**Dataset records:**
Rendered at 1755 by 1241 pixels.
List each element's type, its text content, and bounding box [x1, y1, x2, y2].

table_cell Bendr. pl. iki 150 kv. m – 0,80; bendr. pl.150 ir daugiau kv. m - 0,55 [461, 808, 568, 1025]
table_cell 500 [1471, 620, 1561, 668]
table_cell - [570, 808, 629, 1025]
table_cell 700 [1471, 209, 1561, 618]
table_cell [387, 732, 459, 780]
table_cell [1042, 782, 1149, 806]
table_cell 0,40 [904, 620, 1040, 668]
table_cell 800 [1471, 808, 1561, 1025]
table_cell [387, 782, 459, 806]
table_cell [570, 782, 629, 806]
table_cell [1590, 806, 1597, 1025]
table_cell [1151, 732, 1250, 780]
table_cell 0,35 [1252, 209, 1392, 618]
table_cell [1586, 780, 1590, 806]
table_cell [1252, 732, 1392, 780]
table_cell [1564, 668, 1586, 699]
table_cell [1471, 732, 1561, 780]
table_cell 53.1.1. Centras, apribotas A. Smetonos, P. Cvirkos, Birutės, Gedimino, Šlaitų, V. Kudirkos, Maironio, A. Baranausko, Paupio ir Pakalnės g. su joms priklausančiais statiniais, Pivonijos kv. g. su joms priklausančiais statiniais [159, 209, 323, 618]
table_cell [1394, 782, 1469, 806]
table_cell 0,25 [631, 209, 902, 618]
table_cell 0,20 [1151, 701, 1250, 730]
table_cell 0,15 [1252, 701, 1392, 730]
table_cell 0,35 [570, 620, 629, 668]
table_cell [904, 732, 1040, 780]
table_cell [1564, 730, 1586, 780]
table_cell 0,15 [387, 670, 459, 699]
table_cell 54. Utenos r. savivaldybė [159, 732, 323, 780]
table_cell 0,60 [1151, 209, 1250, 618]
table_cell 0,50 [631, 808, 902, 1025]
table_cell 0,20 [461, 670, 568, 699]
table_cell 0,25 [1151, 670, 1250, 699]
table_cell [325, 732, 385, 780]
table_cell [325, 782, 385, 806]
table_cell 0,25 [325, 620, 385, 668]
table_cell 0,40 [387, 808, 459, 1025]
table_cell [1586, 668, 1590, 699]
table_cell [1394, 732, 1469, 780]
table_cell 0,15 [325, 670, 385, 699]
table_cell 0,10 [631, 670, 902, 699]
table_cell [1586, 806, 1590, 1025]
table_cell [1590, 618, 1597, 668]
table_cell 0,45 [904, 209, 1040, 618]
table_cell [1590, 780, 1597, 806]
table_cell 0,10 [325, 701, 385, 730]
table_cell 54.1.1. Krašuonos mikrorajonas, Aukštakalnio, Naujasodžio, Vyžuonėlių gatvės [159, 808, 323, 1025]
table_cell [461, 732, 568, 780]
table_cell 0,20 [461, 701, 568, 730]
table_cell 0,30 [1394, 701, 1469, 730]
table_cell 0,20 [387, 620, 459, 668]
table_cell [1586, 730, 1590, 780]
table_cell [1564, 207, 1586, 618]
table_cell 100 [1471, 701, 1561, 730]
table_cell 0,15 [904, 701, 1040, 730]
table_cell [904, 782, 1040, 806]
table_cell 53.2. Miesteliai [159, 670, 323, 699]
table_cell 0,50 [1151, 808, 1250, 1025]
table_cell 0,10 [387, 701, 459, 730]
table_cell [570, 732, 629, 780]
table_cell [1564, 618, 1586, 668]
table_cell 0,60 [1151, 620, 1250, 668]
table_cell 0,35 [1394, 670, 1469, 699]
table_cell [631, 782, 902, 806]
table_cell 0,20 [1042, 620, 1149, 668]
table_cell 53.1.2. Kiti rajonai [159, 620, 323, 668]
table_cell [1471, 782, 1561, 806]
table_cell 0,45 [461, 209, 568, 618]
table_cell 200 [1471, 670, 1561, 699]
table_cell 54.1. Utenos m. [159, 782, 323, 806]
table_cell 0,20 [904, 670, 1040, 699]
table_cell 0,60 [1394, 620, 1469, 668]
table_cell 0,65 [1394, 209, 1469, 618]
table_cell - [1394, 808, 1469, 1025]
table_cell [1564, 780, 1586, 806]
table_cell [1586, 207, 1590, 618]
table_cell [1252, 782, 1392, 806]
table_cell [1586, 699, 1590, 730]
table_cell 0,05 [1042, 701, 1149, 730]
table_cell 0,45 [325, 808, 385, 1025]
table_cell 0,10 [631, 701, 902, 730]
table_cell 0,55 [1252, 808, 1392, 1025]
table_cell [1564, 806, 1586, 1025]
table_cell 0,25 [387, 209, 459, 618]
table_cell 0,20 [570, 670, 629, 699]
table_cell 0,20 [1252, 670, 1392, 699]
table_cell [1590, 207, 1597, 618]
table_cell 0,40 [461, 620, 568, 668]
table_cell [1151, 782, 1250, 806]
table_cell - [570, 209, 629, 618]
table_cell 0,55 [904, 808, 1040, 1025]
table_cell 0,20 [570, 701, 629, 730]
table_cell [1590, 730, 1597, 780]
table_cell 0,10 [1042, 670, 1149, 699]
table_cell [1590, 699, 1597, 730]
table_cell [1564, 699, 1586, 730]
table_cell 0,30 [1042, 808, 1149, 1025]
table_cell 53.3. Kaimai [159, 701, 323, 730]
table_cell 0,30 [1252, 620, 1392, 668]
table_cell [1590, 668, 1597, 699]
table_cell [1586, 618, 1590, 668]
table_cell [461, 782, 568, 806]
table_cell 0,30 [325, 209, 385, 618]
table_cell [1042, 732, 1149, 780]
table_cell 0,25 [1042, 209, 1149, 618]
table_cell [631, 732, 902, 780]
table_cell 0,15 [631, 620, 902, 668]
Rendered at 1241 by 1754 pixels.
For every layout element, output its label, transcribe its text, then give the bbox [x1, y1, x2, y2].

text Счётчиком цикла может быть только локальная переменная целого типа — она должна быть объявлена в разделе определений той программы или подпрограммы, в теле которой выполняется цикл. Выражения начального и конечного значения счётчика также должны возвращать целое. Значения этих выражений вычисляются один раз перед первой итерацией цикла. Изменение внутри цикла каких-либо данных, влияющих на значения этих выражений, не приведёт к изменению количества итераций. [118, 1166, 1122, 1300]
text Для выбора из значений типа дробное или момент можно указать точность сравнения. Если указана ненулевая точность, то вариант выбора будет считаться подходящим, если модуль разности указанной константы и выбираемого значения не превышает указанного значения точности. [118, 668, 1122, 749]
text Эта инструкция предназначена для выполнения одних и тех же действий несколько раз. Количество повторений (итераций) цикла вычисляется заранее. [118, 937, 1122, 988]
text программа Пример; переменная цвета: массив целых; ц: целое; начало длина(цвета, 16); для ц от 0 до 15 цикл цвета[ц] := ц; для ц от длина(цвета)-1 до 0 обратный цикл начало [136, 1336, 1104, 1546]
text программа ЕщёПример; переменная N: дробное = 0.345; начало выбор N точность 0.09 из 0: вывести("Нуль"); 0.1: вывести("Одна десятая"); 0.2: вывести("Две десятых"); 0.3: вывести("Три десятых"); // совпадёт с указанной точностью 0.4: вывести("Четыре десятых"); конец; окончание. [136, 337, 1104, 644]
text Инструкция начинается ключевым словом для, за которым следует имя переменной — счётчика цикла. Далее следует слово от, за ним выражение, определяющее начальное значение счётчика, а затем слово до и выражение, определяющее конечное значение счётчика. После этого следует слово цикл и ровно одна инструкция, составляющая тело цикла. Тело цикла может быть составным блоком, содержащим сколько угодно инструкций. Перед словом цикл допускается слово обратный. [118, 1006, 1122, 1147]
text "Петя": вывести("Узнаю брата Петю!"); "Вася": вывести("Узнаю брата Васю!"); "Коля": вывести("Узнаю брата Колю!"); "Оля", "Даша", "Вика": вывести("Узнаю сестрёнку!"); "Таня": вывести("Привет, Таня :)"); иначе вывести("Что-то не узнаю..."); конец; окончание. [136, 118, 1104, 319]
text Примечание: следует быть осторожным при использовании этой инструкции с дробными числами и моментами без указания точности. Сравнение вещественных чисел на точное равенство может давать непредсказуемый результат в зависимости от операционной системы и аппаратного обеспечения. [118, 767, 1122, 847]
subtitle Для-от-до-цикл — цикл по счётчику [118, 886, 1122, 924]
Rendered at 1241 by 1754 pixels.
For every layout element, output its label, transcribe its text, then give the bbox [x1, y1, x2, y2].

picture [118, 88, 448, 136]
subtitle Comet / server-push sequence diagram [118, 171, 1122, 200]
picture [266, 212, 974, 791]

**Task to carry out:**
From the entries above, print the lines beginning at the one with "table_cell 0,55 [904, 808, 1040, 1025]" and stopping after the one with "table_cell [1586, 618, 1590, 668]", exactly as written and with nothing else.

**Answer section:**
table_cell 0,55 [904, 808, 1040, 1025]
table_cell 0,20 [570, 701, 629, 730]
table_cell [1590, 730, 1597, 780]
table_cell 0,10 [1042, 670, 1149, 699]
table_cell [1590, 699, 1597, 730]
table_cell [1564, 699, 1586, 730]
table_cell 0,30 [1042, 808, 1149, 1025]
table_cell 53.3. Kaimai [159, 701, 323, 730]
table_cell 0,30 [1252, 620, 1392, 668]
table_cell [1590, 668, 1597, 699]
table_cell [1586, 618, 1590, 668]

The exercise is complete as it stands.